Exercise prompt: Reply with one number, the count of lines below that contain the string "roll".

Items from a dataset
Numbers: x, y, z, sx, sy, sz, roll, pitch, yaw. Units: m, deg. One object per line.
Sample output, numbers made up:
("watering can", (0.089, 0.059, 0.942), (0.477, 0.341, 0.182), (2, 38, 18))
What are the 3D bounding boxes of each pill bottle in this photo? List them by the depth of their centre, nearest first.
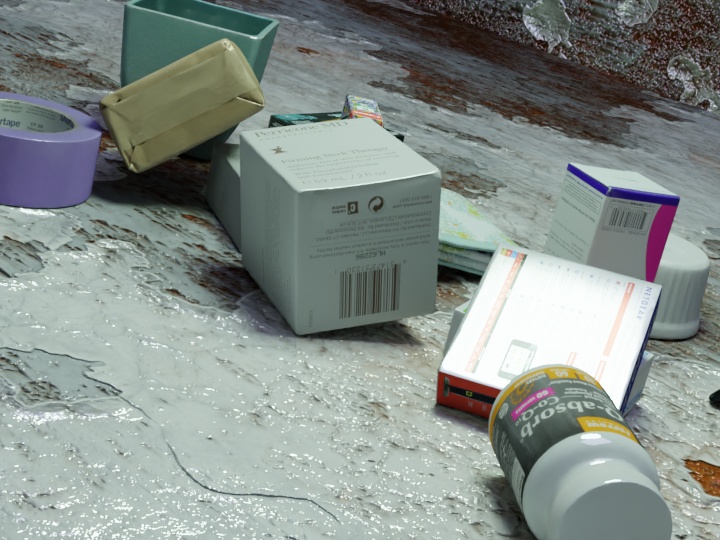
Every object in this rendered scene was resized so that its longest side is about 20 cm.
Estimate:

* * *

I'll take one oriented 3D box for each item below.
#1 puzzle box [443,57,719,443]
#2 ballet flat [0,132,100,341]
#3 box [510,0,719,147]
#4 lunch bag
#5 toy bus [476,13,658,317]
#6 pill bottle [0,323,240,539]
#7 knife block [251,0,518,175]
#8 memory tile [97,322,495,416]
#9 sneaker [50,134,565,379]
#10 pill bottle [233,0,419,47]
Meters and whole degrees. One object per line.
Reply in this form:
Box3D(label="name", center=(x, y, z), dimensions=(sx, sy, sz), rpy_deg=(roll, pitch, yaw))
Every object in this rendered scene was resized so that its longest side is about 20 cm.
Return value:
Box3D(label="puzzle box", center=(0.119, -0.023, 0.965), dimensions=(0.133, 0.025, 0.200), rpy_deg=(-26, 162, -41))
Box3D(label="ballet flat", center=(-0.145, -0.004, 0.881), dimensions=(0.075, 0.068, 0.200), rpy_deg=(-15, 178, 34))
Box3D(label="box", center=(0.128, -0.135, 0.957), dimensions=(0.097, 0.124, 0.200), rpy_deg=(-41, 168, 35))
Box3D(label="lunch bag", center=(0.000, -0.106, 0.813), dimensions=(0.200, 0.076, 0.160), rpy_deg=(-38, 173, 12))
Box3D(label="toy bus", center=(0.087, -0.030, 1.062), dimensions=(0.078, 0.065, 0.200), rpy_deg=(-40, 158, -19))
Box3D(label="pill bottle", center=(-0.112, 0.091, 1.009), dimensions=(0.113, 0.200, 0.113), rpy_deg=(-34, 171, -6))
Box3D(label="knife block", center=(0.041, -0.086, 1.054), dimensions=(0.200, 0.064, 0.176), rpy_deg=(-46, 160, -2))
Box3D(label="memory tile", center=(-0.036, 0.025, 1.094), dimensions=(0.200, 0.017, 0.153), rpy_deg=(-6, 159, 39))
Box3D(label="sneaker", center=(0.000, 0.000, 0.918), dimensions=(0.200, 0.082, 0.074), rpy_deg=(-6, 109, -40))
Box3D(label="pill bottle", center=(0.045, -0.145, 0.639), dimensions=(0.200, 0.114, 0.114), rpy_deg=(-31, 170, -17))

Result: 2